Brentwood Union School District agrees to $950K settlement after child was attacked by teacher

School 'ignored' issues

BRENTWOOD, Calif. -  

On Jan.11, the Brentwood Union School District agreed to a $950,000, settlement with a Contra Costa family whose special needs child was verbally, physically and mentally abused by a Loma Vista Elementary teacher in 2010.

On May 25, 2010, Dina Holder, a Loma Vista Elementary School special needs teacher, attacked a five-year-old child who was enrolled in her Brentwood Union School District class.

Reports said Holder pulled the boy from his seat.  The boy then fell to the ground and Holder allegedly kicked him twice.  Holder then berated the child and used profanity and derogatory language.  

“My son was attacked by the first teacher he ever had, and he’ll have to deal with that trauma for the rest of his life” said Caneel Carlin, the mother the child.

“To make matters worse, he came home with a bruise, but the school district didn’t even tell me about what happened until about a week later. Neither the principal nor the district contacted the police. My husband and I had to pursue criminal action, and the school obstructed our efforts every step of the way.".

Once the abuse was reported to the police, the Contra Costa County district attorney filed charges against Holder. She pleaded no contest to misdemeanor child abuse.

Prior to this incident, Ms. Holder had a long history of endangering children in her care. 

“The abuse towards this young boy could have been prevented, but there was a systematic failure of school district employees to comply with their mandatory duty to report suspected child abuse,” said the family’s attorney, Peter Alfert.

“Numerous school employees were aware of Ms. Holder’s unfitness, but they were either too scared to report her misconduct or were unaware of their obligations as mandatory reporters to report her actions to the police. The school and the district failed children with special needs and their parents by not ensuring classrooms were safe,” he added.

Additional problems were uncovered during the legal case against Holder. They included:

·         Aides testified that Holder used profanity in the classroom and spent most of the time in class playing solitaire.

·         Previously, a parent told the principal that she saw Holder shaking a three-year-old child so violently that his head was shaking.  

·         A special needs child claimed to have been slapped by an adult at the school. The adult was later identified as Holder.

·         An aide observed Holder restraining a child by taping his legs to a chair with masking tape.

·         A child with down syndrome who was supposed to be in Holder’s classroom was found wandering around campus.

·         It was later discovered that, according to the State of California, Holder did not have the proper credentialing to teach children with autism, of whom there were many in her class. 
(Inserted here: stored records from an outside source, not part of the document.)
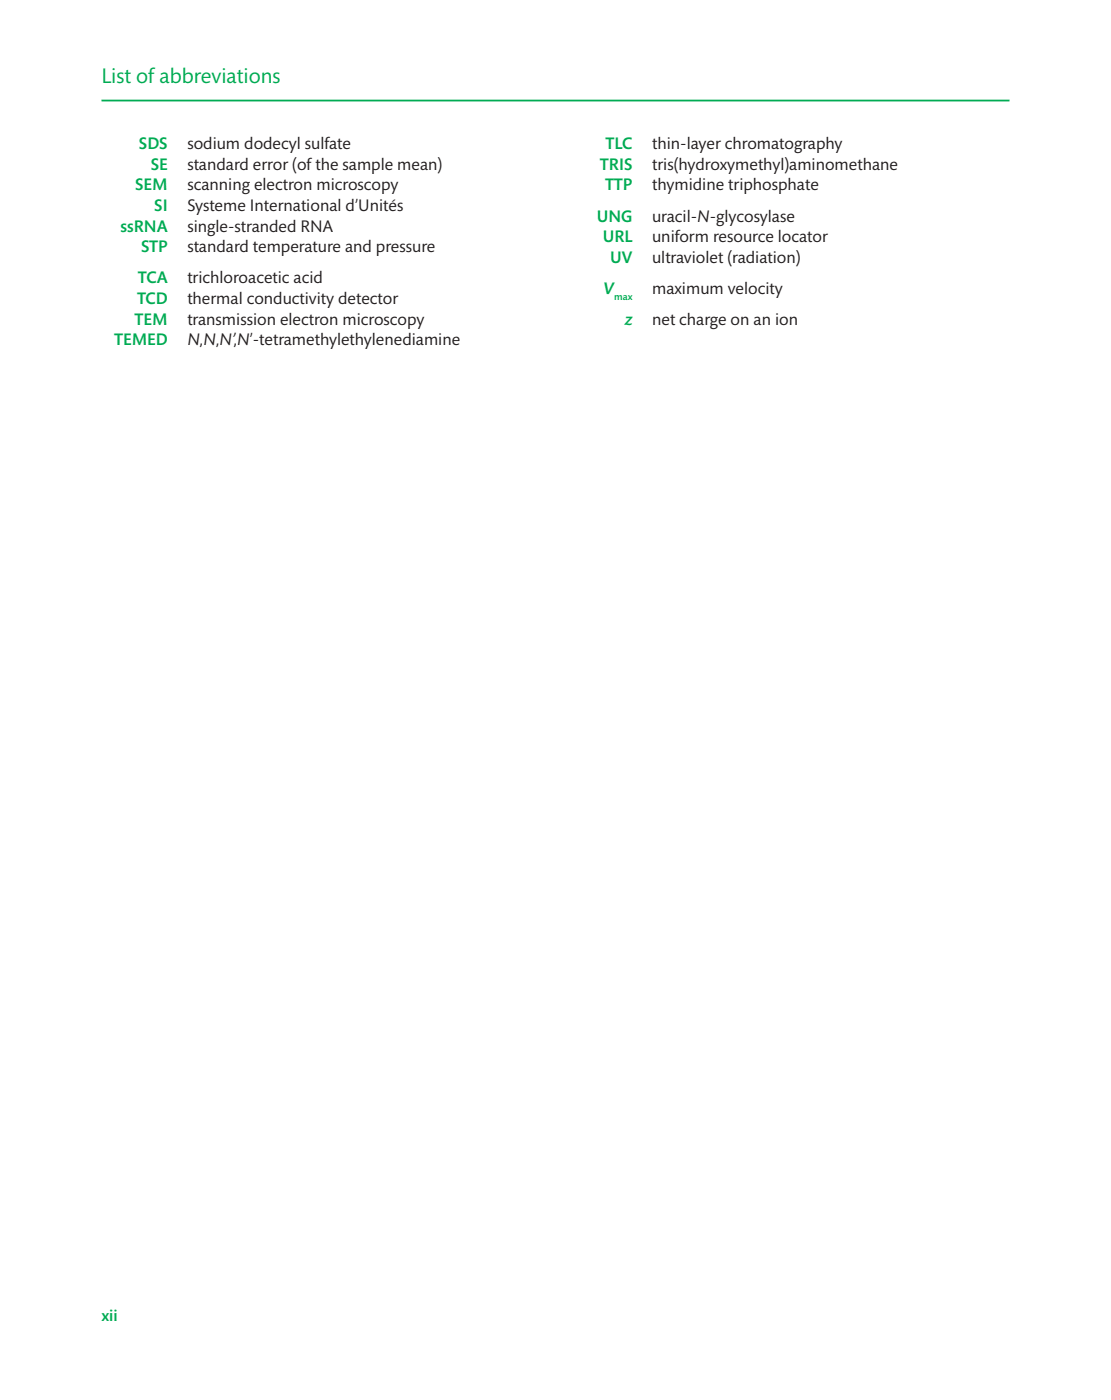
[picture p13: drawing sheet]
<svg xmlns="http://www.w3.org/2000/svg" width="219mm" height="276mm" viewBox="0 0 219 276" stroke-linecap="round" stroke-linejoin="round" font-family="sans-serif">
<defs><g id="words">
<text font-size="4.2" fill="#00ab53" x="20" y="16.4">List of abbreviations</text>
<g font-size="3.4" fill="#00ab53">
<text x="27.4" y="29.4">SDS</text>
<text x="119.3" y="29.4">TLC</text>
<text x="29.7" y="33.5">SE</text>
<text x="118.2" y="33.5">TRIS</text>
<text x="26.6" y="37.5">SEM</text>
<text x="30.4" y="41.6">SI</text>
<text x="119.3" y="37.5">TTP</text>
<text x="23.8" y="45.6">ssRNA</text>
<text x="117.6" y="43.7">UNG</text>
<text x="118.8" y="47.8">URL</text>
<text x="27.8" y="49.7">STP</text>
<text x="120.3" y="51.8">UV</text>
<text x="27" y="59.9">TCD</text>
<text x="27.2" y="55.9">TCA</text>
<text x="119" y="58">V</text>
<text x="26.5" y="64">TEM</text>
<text x="123.2" y="64.1">z</text>
<text x="22.5" y="68">TEMED</text>
</g>
<g font-size="3.4" fill="#231f20">
<text x="36.9" y="29.4">sodium dodecyl sulfate</text>
<text x="128.6" y="29.4">thin-layer chromatography</text>
<text x="36.9" y="33.5">standard error (of the sample mean)</text>
<text x="128.6" y="33.5">tris(hydroxymethyl)aminomethane</text>
<text x="36.9" y="37.5">scanning electron microscopy</text>
<text x="36.9" y="41.6">Systeme International d’Unités</text>
<text x="128.6" y="37.5">thymidine triphosphate</text>
<text x="36.9" y="45.6">single-stranded RNA</text>
<text x="128.6" y="43.7">uracil-N-glycosylase</text>
<text x="128.6" y="47.8">uniform resource locator</text>
<text x="36.9" y="49.7">standard temperature and pressure</text>
<text x="128.6" y="51.8">ultraviolet (radiation)</text>
<text x="36.9" y="55.9">trichloroacetic acid</text>
<text x="36.9" y="59.9">thermal conductivity detector</text>
<text x="128.6" y="58">maximum velocity</text>
<text x="36.9" y="64">transmission electron microscopy</text>
<text x="128.6" y="64.1">net charge on an ion</text>
<text x="36.9" y="68">N,N,N’,N’-tetramethylethylenediamine</text>
</g>
<text font-size="3.2" fill="#00ab53" x="20" y="260.5">xii</text>
<text font-size="2" fill="#00ab53" x="121.1" y="59.1">max</text>
</g></defs>
<path d="M20 19.8h179" fill="none" stroke="#00ab53" stroke-width=".35"/>
<use href="#words"/>
</svg>

“The school district was beyond negligent in protecting some of our most vulnerable and special needs children,” stated Todd Boley, also an attorney for the family. “Even though Ms. Holder eventually pleaded no contest to child abuse, she was simply transferred to another school and parents of the school weren’t even notified! It took this lawsuit and settlement to finally get her out of the classroom,” he added.

While Ms. Carlin is relieved to know that the school district has been held accountable and Ms. Holder will no longer teach, she believes more needs to be done to ensure that schools are a safe place for special needs children who are often unable to defend themselves.

“We trusted the school to keep our son safe” said Ms. Carlin. “But they failed us and every other parent who sent a child to that school. There is no excuse for what happened or for the school to not report what happened. It’s their legal and moral obligation. They must do better,” she added.  

Ms. Carlin’s son is now in a new school and is improving thanks, in part, to a great teacher. He has even transitioned to a mainstream classroom. But his mother is concerned that the he will forever live with the scars of a violent and traumatizing first classroom experience.